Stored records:
Content starts

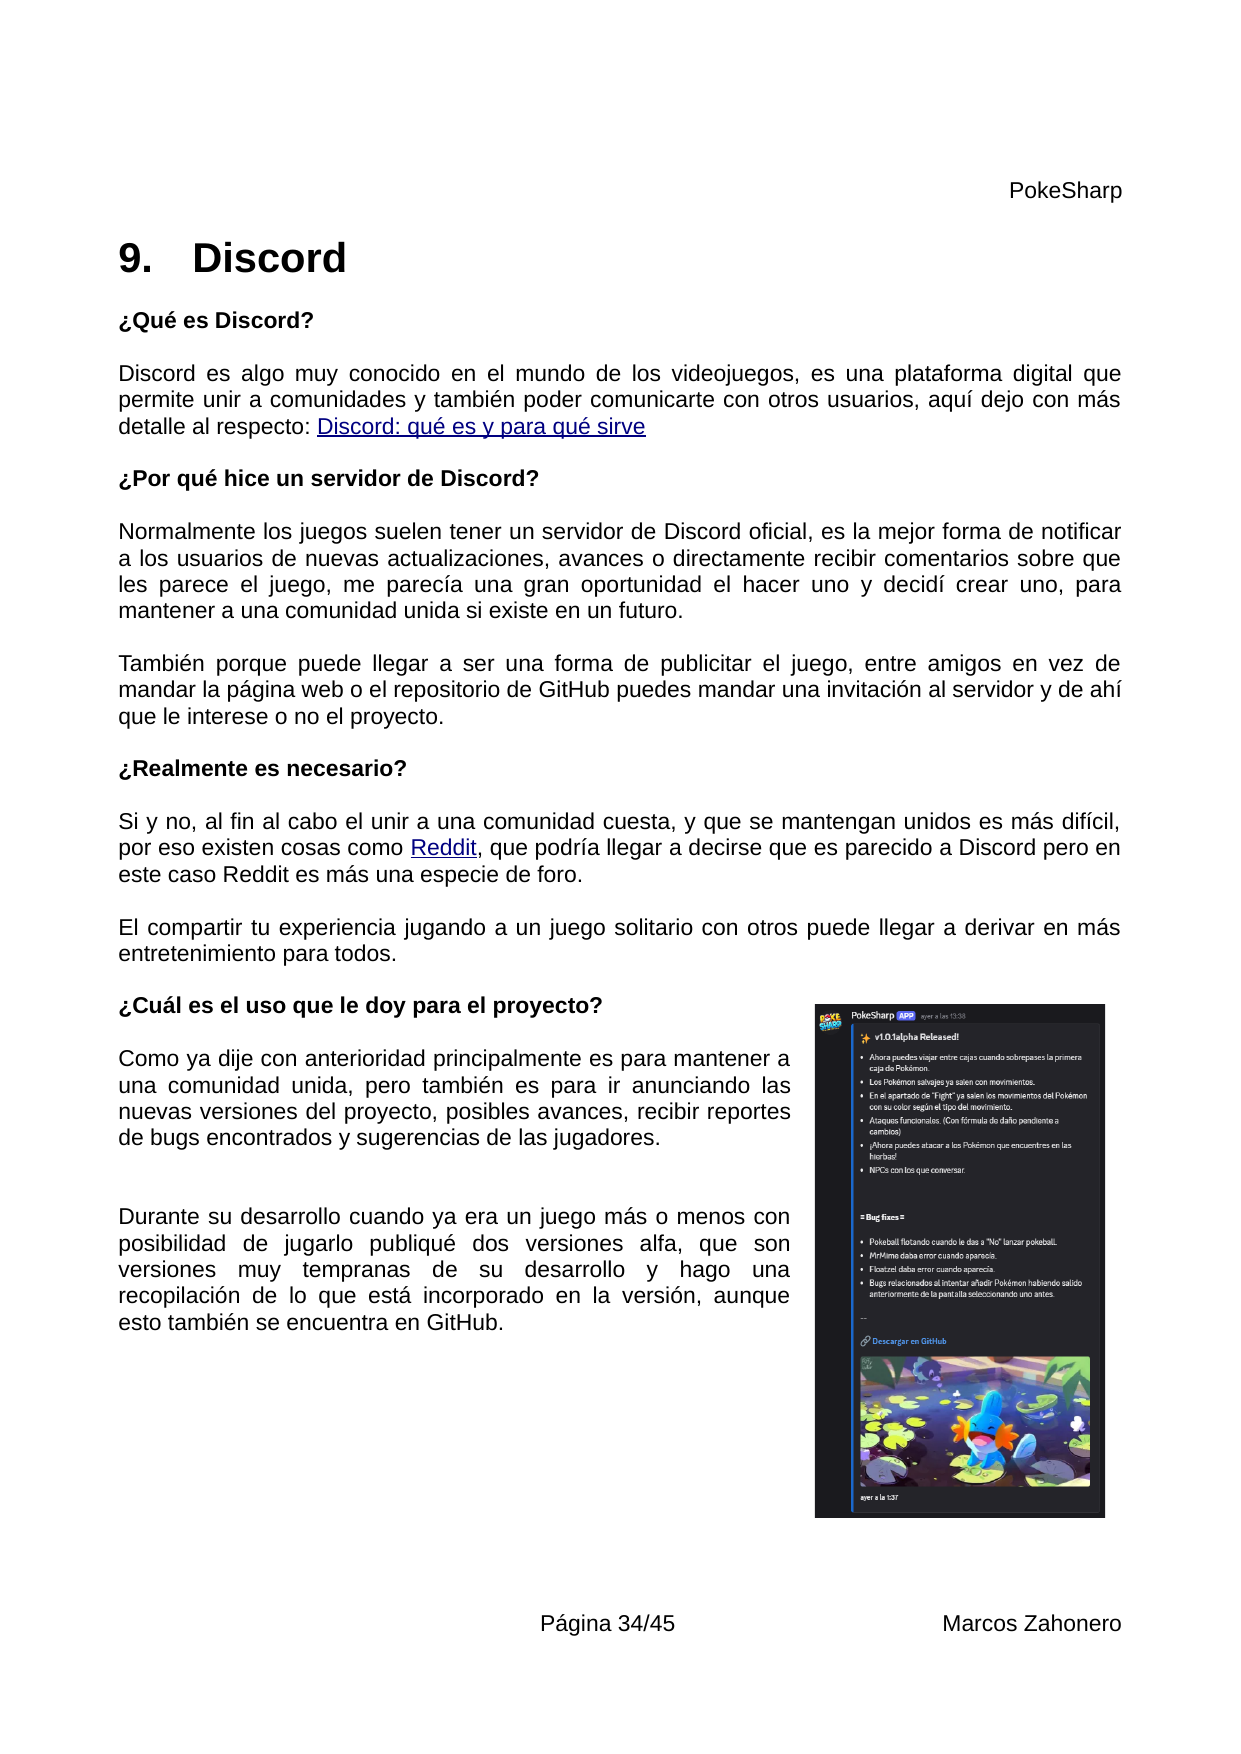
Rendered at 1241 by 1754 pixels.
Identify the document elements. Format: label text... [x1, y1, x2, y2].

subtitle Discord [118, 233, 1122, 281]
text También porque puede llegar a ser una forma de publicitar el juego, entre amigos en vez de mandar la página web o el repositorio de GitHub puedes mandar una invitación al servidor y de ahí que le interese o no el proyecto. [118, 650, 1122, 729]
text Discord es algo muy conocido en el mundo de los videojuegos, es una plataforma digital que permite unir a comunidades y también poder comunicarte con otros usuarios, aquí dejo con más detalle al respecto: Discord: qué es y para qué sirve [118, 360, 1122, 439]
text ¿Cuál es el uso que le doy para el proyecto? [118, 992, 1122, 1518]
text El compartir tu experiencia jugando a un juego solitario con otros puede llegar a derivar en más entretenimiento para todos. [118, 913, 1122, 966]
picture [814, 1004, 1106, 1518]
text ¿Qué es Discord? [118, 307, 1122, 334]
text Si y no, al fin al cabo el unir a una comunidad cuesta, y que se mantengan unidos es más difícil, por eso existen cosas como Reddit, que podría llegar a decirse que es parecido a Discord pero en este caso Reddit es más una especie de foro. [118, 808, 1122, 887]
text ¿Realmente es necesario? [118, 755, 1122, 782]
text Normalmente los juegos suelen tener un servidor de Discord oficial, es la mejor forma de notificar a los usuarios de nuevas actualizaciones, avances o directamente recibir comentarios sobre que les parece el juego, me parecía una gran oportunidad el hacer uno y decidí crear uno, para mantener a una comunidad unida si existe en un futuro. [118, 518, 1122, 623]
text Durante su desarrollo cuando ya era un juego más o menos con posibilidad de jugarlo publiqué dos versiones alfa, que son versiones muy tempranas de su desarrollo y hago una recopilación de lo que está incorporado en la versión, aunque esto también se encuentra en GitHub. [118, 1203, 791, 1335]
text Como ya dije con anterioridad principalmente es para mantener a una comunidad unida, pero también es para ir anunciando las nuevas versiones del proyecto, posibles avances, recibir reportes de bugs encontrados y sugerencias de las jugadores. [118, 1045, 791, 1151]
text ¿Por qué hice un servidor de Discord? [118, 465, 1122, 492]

Content ends

Task: Once you find the line with "text ¿Cuál es" in the entries above, output it and each line after it up to and including the line with "picture [814, 1004, 1106, 1518]", and nothing else.

Problem solution:
text ¿Cuál es el uso que le doy para el proyecto? [118, 992, 1122, 1518]
text El compartir tu experiencia jugando a un juego solitario con otros puede llegar a derivar en más entretenimiento para todos. [118, 913, 1122, 966]
picture [814, 1004, 1106, 1518]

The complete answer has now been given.